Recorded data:
++++++++++

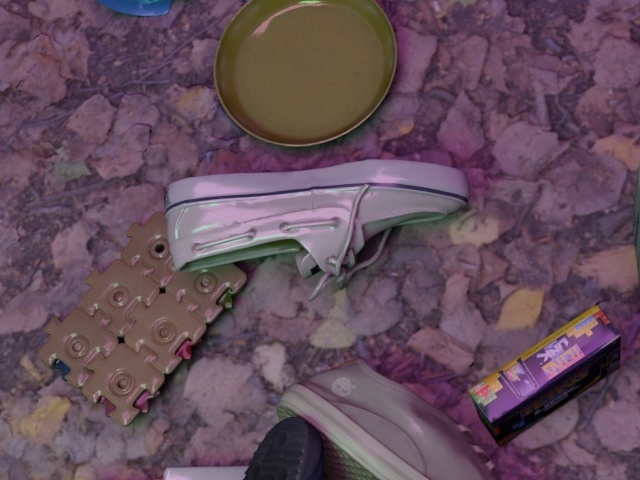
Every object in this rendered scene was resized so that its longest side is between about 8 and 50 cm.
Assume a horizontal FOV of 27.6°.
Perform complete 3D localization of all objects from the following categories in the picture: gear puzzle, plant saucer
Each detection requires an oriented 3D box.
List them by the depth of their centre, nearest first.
[{"bbox_3d":[-0.190,0.060,1.627,0.175,0.044,0.339,35,78,22],"label":"gear puzzle"},{"bbox_3d":[-0.018,-0.226,1.687,0.241,0.037,0.241,-4,70,11],"label":"plant saucer"}]

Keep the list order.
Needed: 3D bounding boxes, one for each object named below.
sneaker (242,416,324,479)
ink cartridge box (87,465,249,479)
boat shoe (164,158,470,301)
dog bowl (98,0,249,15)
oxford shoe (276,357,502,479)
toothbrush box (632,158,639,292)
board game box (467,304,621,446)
[{"bbox_3d":[-0.030,0.355,1.404,0.112,0.131,0.319,-1,72,56],"label":"sneaker"},{"bbox_3d":[-0.167,0.394,1.459,0.239,0.060,0.275,0,70,-10],"label":"ink cartridge box"},{"bbox_3d":[-0.002,-0.002,1.546,0.367,0.136,0.156,-3,75,-1],"label":"boat shoe"},{"bbox_3d":[-0.171,-0.386,1.712,0.297,0.166,0.074,-7,59,9],"label":"dog bowl"},{"bbox_3d":[0.150,0.279,1.425,0.449,0.169,0.130,38,63,21],"label":"oxford shoe"},{"bbox_3d":[0.492,-0.016,1.421,0.283,0.206,0.122,-4,71,10],"label":"toothbrush box"},{"bbox_3d":[0.252,0.153,1.447,0.170,0.141,0.048,-34,68,0],"label":"board game box"}]

++++++++++

Retype exactly the lines of the data above that fall between the line with "boat shoe (164,158,470,301)" and the line with "toothbrush box (632,158,639,292)", inclusive, and add nothing.

RESPONSE:
boat shoe (164,158,470,301)
dog bowl (98,0,249,15)
oxford shoe (276,357,502,479)
toothbrush box (632,158,639,292)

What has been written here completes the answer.